– Уже не успеешь, – сказала Дебора.
Герберт посмотрел на часы.
– В самом деле. – Он кивнул на другие брюки, те, что лежали у самой двери. – Послушай, будь другом: вытащи оттуда ремень и вставь в штаны, которые погладила. Если, конечно, сама никуда не торопишься.
Дебора без слов принялась выполнять просьбу.
– Спасибо тебе, сотню раз спасибо. А я пока рубашку надену – как здорово ты ее выгладила!
Для кого-нибудь другого так не старалась бы, печально подумала Дебора. А для тебя готова на любую жертву. Дурочка… Будто заняться больше нечем.
– И смажу вторую туфлю, а то так и обую: одна тусклая, другая блестящая, – пробормотал Герберт, торопливо просовывая руки в рукава рубашки.
Не успела Дебора вдеть в брюки ремень, как пылкий влюбленный, уже наспех смазав второй ботинок, схватил оба и стал поспешно напяливать. Потом обулся и взглянул на себя в зеркальную шкафную дверцу.
– Вроде готов.
Дебора с любованием его осмотрела.
– Выглядишь отлично.
– Ты находишь? – несколько смущенно спросил Герберт.
– Разумеется. Врать я не умею, сам ведь знаешь. – Дебора с серьезным видом взглянула ему прямо в глаза.
Герберт расплылся в улыбке.
– Знаю. Конечно, знаю. – Он посмотрел на часы и, еще раз окинув свое отражение в зеркале беглым взглядом, помчался к выходу. – Еще раз за все спасибо, дружище!

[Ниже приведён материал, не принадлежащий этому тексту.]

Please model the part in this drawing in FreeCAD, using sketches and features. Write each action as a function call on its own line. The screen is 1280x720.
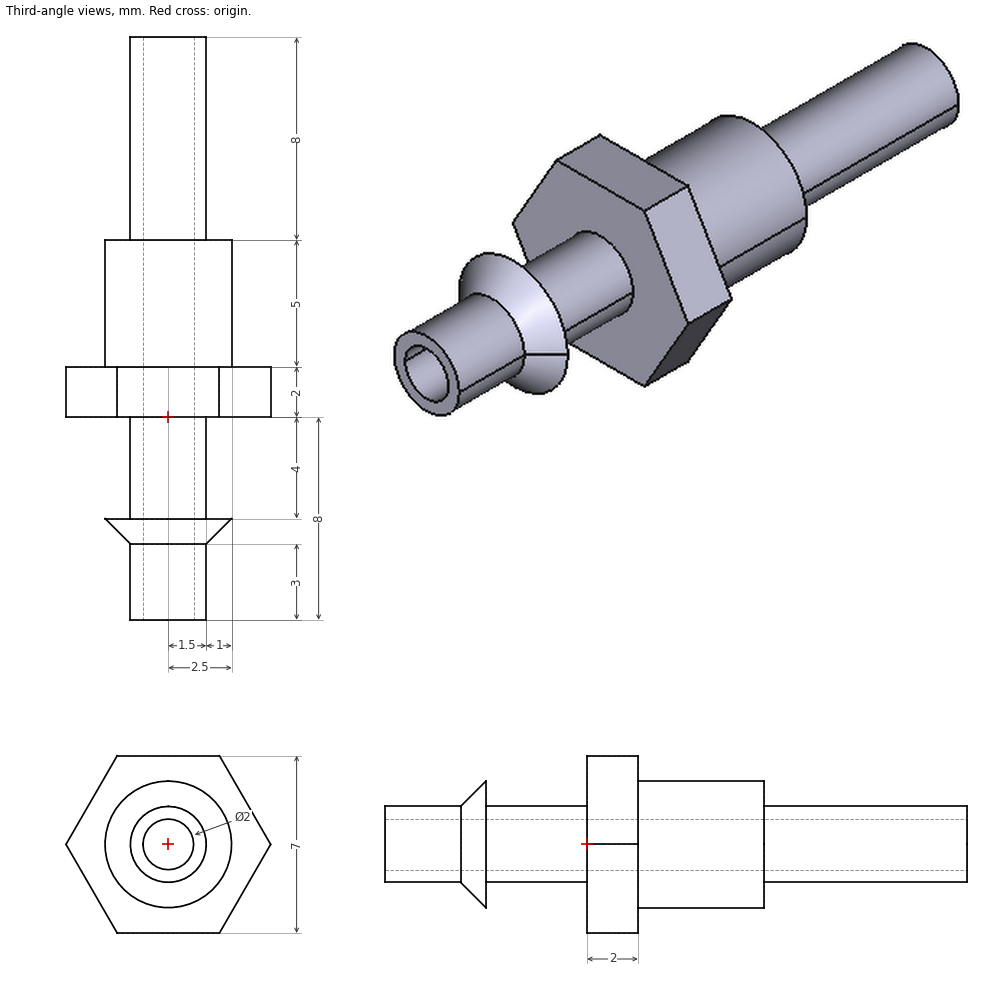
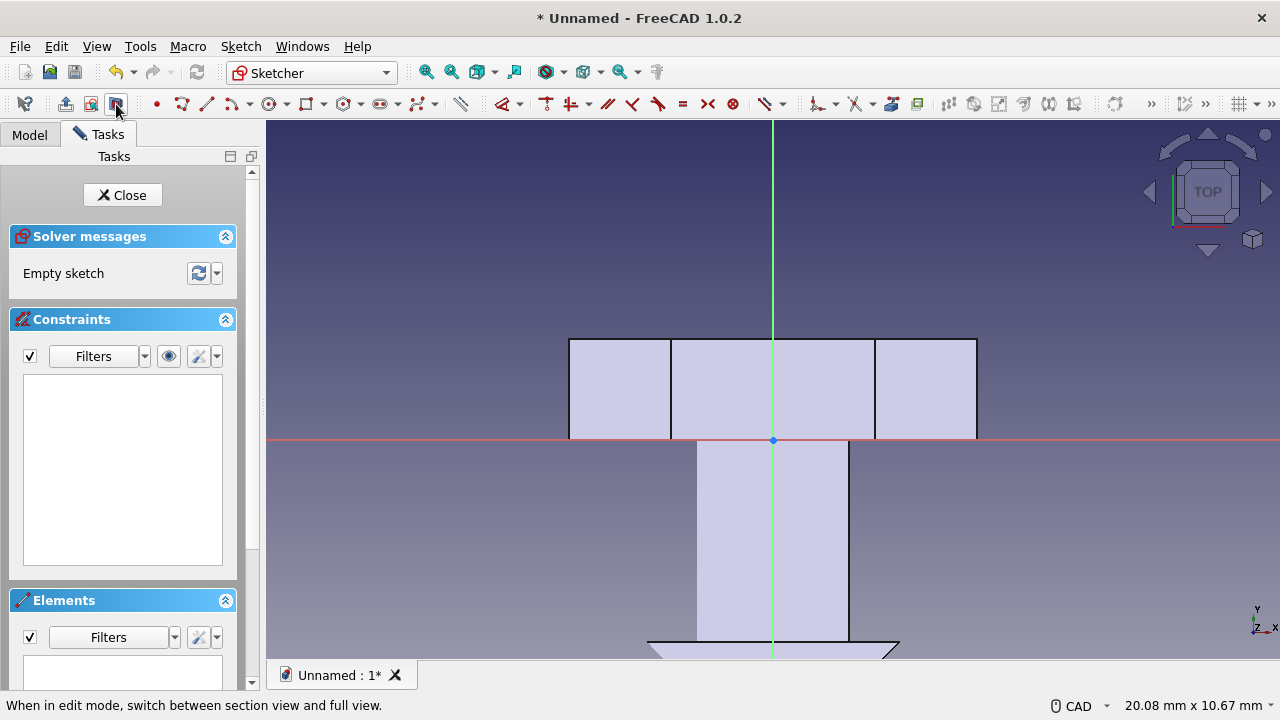
scroll(597, 631, down, 4)
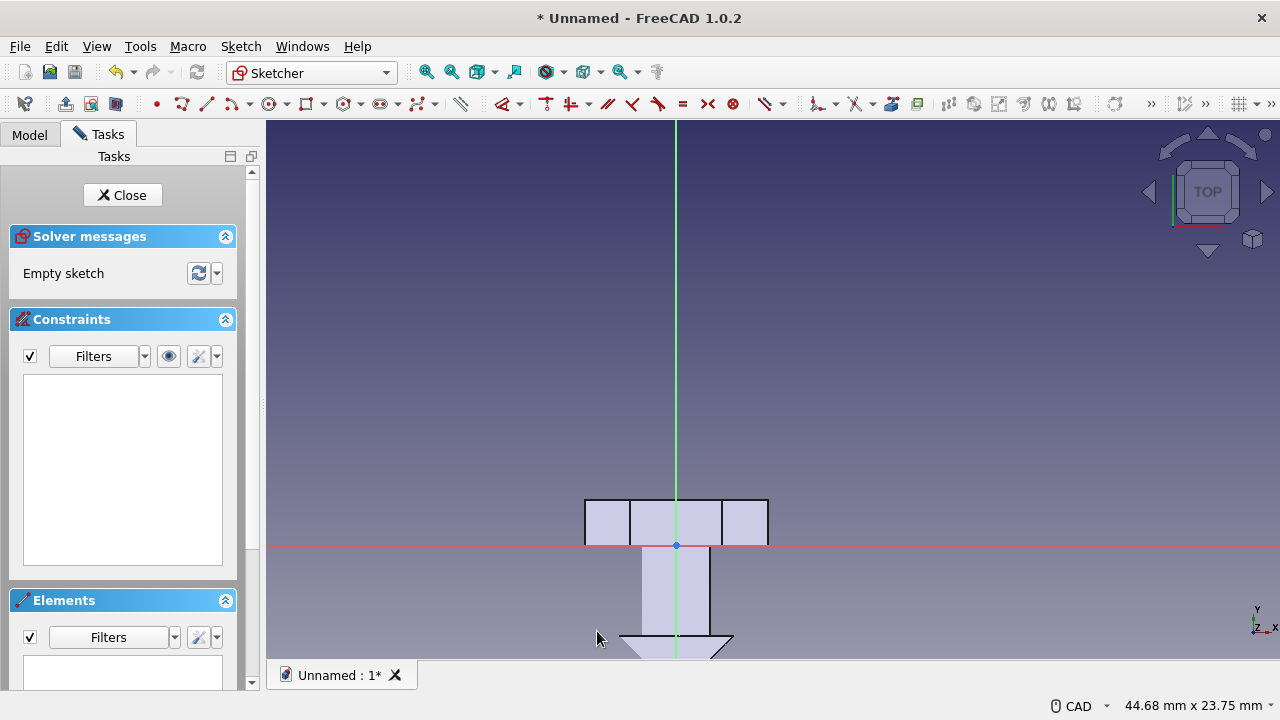
click(182, 104)

– Удачи! – крикнула ему вслед погрустневшая Дебора.
Когда за Гербертом захлопнулась парадная дверь, Дебора прошла к кровати и тяжело на нее опустилась. На душе скребли кошки, куда-то идти, с кем-то встречаться не было никакой охоты.
Сначала не думалось ни о чем, потом навалилась жалость к самой себе. Другая бы на моем месте не только не стала бы ему помогать, пришло на ум, но придумала бы, как вообще не пустить его на это свидание. Или, в лучшем случае, сказала бы: выкручивайся сам. Я же… Дуреха! Впрочем, нет. Все правильно. Только так и можно любить: честно, без подлости, стараясь всяческими способами облегчить предмету любви жизнь. Даже если тебе самой от этого одни страдания… Но как же это трудно!

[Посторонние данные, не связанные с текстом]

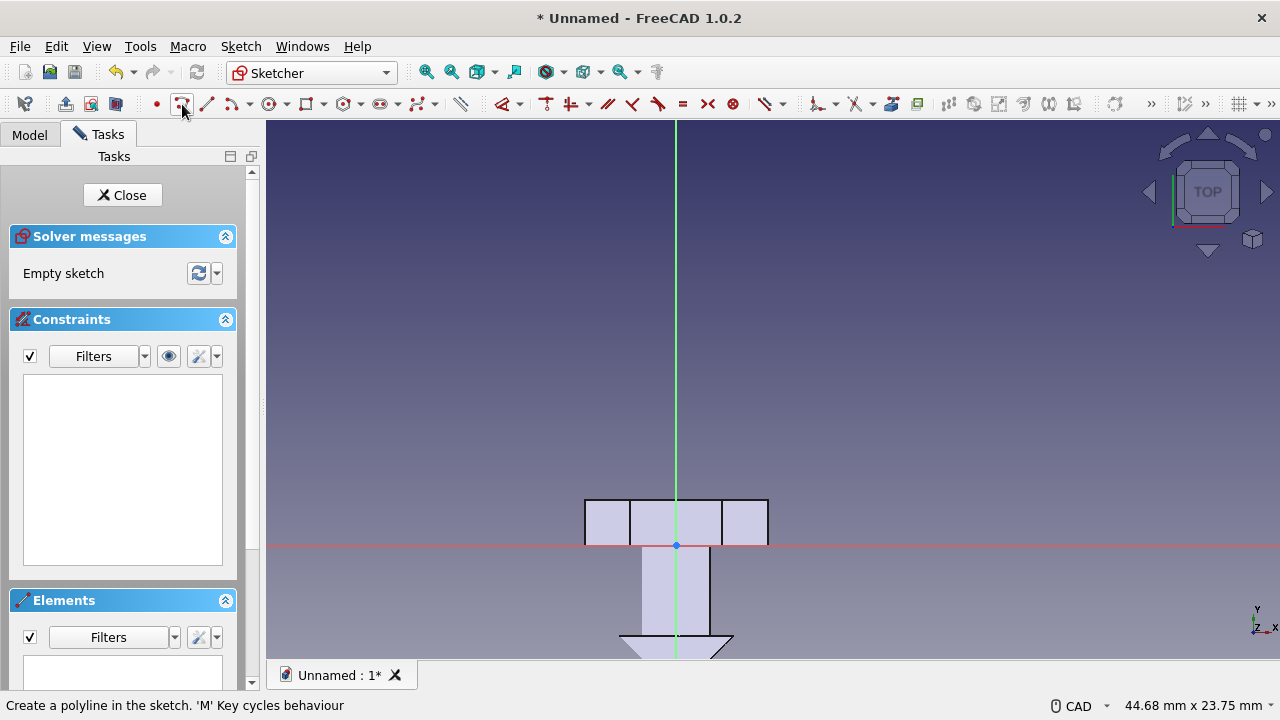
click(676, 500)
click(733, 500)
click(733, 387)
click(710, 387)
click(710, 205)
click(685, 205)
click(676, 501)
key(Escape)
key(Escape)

Немного воспрянув духом, она поднялась с кровати и, воодушевленная тем, что осознала, насколько ее чувство благородно и возвышенно, принялась собирать и развешивать по плечикам рубашки, брюки и жилетки. Это опять напомнило о глупых фантазиях про совместный с Гербертом быт, и печаль нахлынула с новой силой.

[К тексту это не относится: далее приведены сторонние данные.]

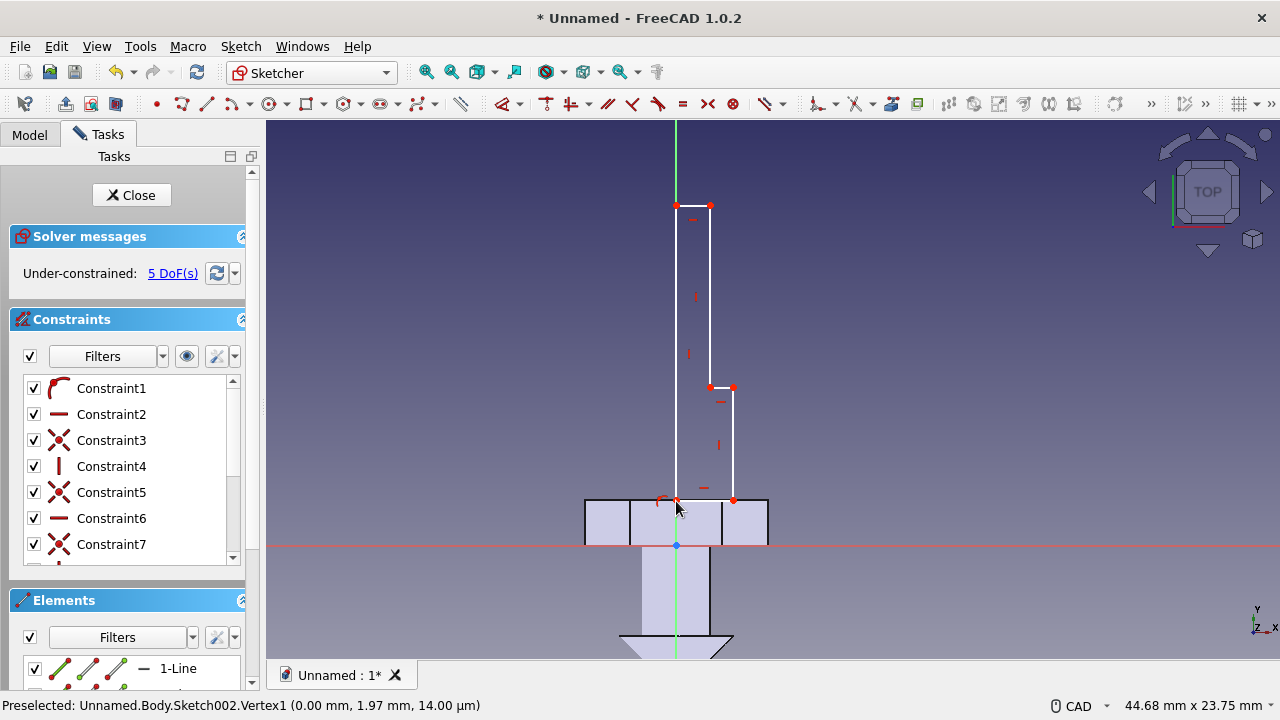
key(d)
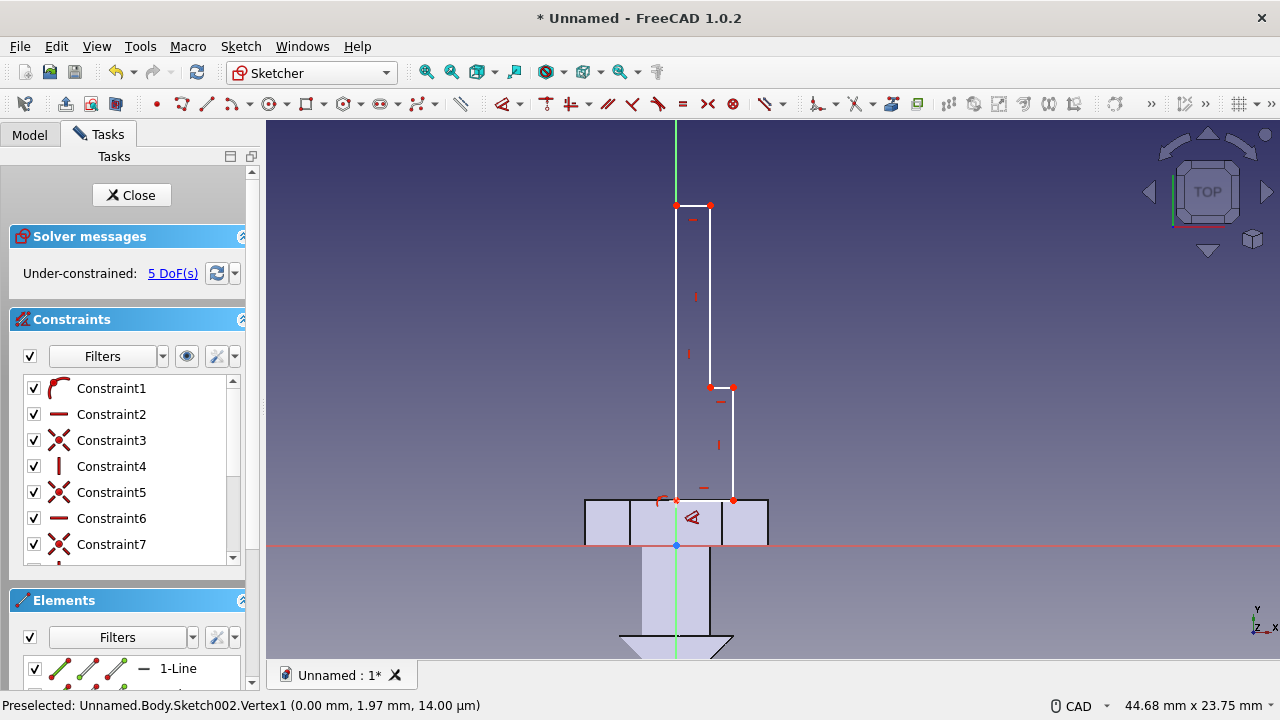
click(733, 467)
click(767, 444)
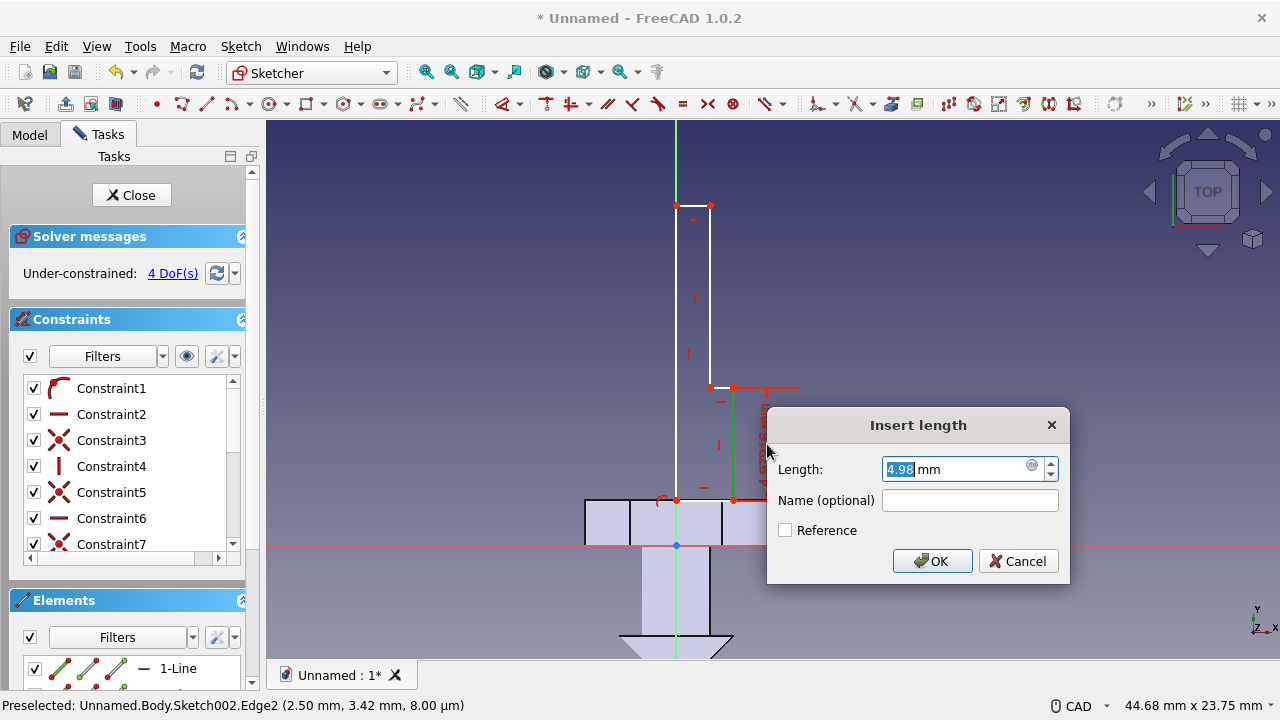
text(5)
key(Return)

Покончив с наведением порядка, Дебора взяла кастрюлю, спустилась вниз, поставила гуляш в холодильник на кухне и, не вполне понимая, что собирается сделать, машинально перешла в кабинет, заставленный книжными шкафами. Книг у Оурэев было видимо-невидимо. Дебора остановилась у определенной полки и только тогда осознала, что явилась сюда за «Большими надеждами».